# Car news- LIMITED-RUN LEON ST CUPRA CARBON EDITION OPENS FOR ORDERS



## WHIZZER (Oct 25, 2005)

Race to snap up special edition CUPRA
•Exclusive 300PS CUPRA Carbon Edition now available
•Fewer than 50 of the limited-run models are being released in the UK
•Upgraded spec includes carbon fibre side blades and rear and front diffusers
•Latest limited edition follows on from the success of the Leon CUPRA R








Milton Keynes, 27/07/2018: SEAT fans can now get their hands on an exclusive Leon ST CUPRA Carbon Edition - but they will have to be quick, as fewer than 50 are being released in the UK.

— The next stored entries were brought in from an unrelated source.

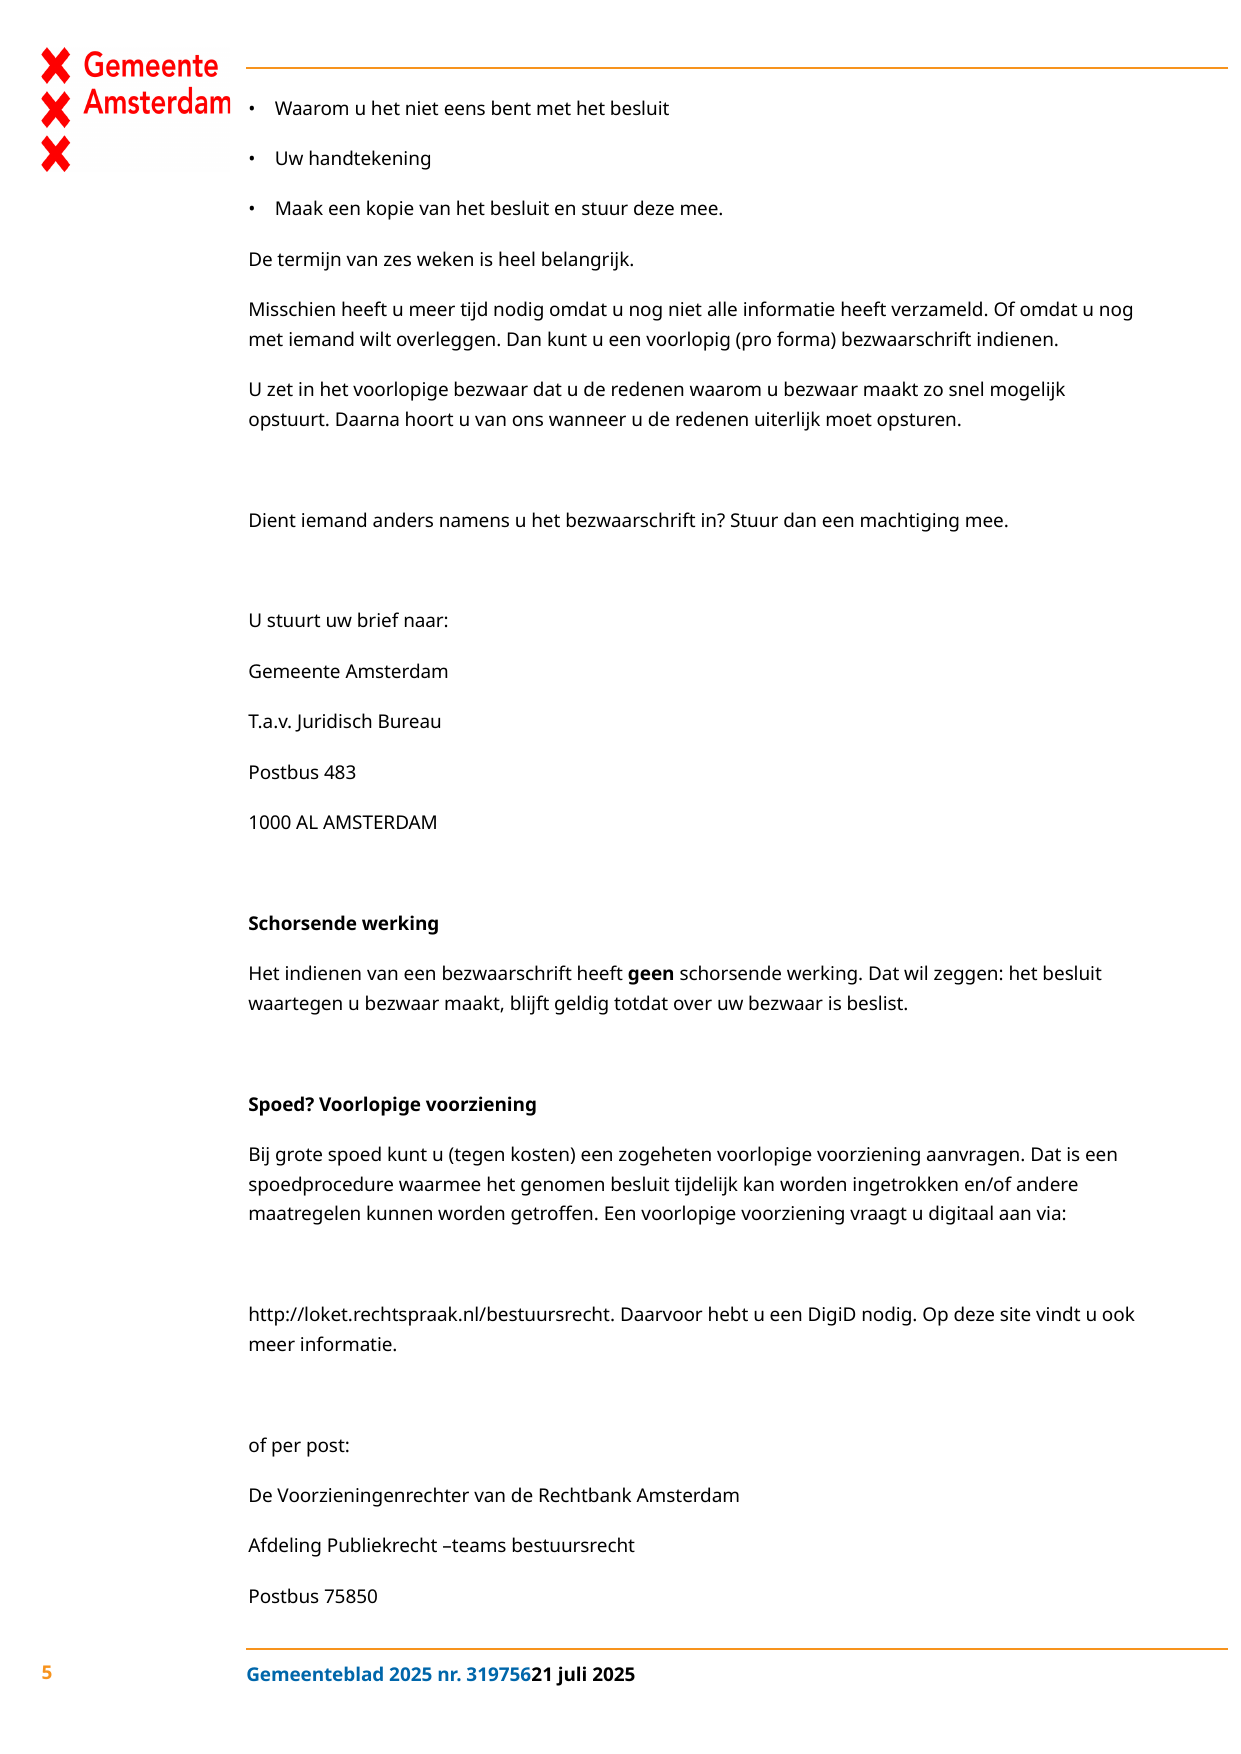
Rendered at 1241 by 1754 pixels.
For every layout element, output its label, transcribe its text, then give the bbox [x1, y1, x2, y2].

text Misschien heeft u meer tijd nodig omdat u nog niet alle informatie heeft verzameld. Of omdat u nog met iemand wilt overleggen. Dan kunt u een voorlopig (pro forma) bezwaarschrift indienen. [248, 296, 1152, 352]
text Het indienen van een bezwaarschrift heeft geen schorsende werking. Dat wil zeggen: het besluit waartegen u bezwaar maakt, blijft geldig totdat over uw bezwaar is beslist. [248, 961, 1152, 1016]
text Postbus 483 [248, 759, 1152, 785]
text U zet in het voorlopige bezwaar dat u de redenen waarom u bezwaar maakt zo snel mogelijk opstuurt. Daarna hoort u van ons wanneer u de redenen uiterlijk moet opsturen. [248, 376, 1152, 432]
text Afdeling Publiekrecht –teams bestuursrecht [248, 1533, 1152, 1558]
text U stuurt uw brief naar: [248, 608, 1152, 633]
text Gemeente Amsterdam [248, 658, 1152, 684]
text Schorsende werking [248, 910, 1152, 936]
text Spoed? Voorlopige voorziening [248, 1091, 1152, 1117]
picture [41, 47, 231, 172]
text Dient iemand anders namens u het bezwaarschrift in? Stuur dan een machtiging mee. [248, 507, 1152, 533]
text http://loket.rechtspraak.nl/bestuursrecht. Daarvoor hebt u een DigiD nodig. Op deze site vindt u ook meer informatie. [248, 1301, 1152, 1357]
text of per post: [248, 1432, 1152, 1458]
text De Voorzieningenrechter van de Rechtbank Amsterdam [248, 1482, 1152, 1508]
text T.a.v. Juridisch Bureau [248, 708, 1152, 734]
text • Maak een kopie van het besluit en stuur deze mee. [248, 196, 1152, 221]
text De termijn van zes weken is heel belangrijk. [248, 246, 1152, 272]
text Postbus 75850 [248, 1583, 1152, 1609]
text • Waarom u het niet eens bent met het besluit [248, 95, 1152, 121]
text Bij grote spoed kunt u (tegen kosten) een zogeheten voorlopige voorziening aanvragen. Dat is een spoedprocedure waarmee het genomen besluit tijdelijk kan worden ingetrokken en/of andere maatregelen kunnen worden getroffen. Een voorlopige voorziening vraagt u digitaal aan via: [248, 1141, 1152, 1226]
text • Uw handtekening [248, 145, 1152, 171]
text 1000 AL AMSTERDAM [248, 809, 1152, 835]

The limited edition features a 2.0 TSI 300PS DSG-auto 4Drive and is packed with a range of additional sports, styling and performance features. In addition to carbon fibre side blades and front and rear diffusers, the Monsoon Grey-only model will be fitted with high-performance Brembo brakes, 19-inch black alloy wheels and CUPRA bucket seats. The quad rear exhausts will also feature the CUPRA logo.

Priced at £35,575 this exclusive edition will appeal to customers looking for super-charged styling and performance. Available to order and now in the UK, it is expected to follow the success earlier in the year of the limited-run CUPRA R, which quickly sold out.

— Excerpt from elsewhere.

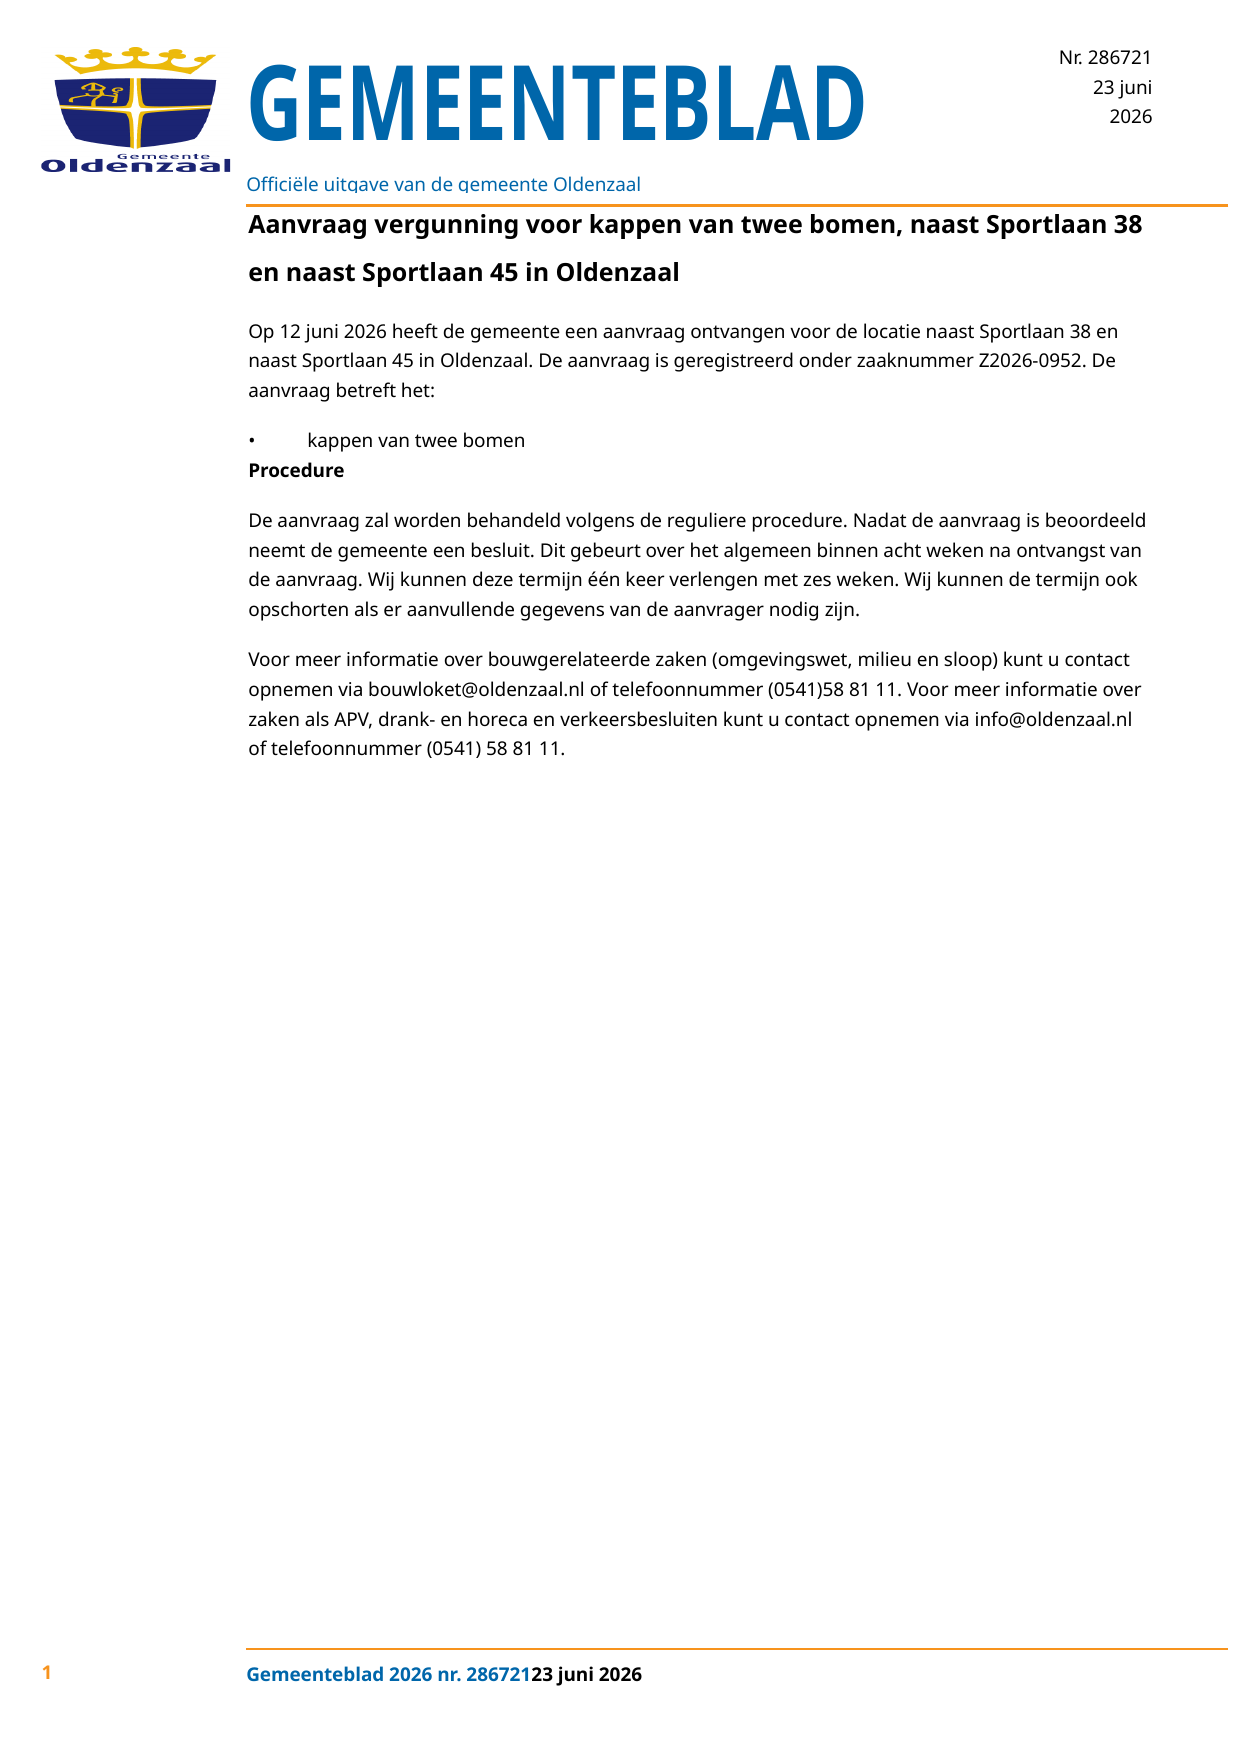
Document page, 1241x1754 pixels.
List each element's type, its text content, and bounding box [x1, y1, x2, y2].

Richard Harrison, Managing Director of SEAT UK, said: "Following the success of the special edition CUPRA R, we know that there is demand for limited-run models from customers looking for something truly special. The Leon ST CUPRA Carbon Edition doesn't only deliver stunning and unique looks, but we believe the enhanced performance and competitive price will be a real draw."


----------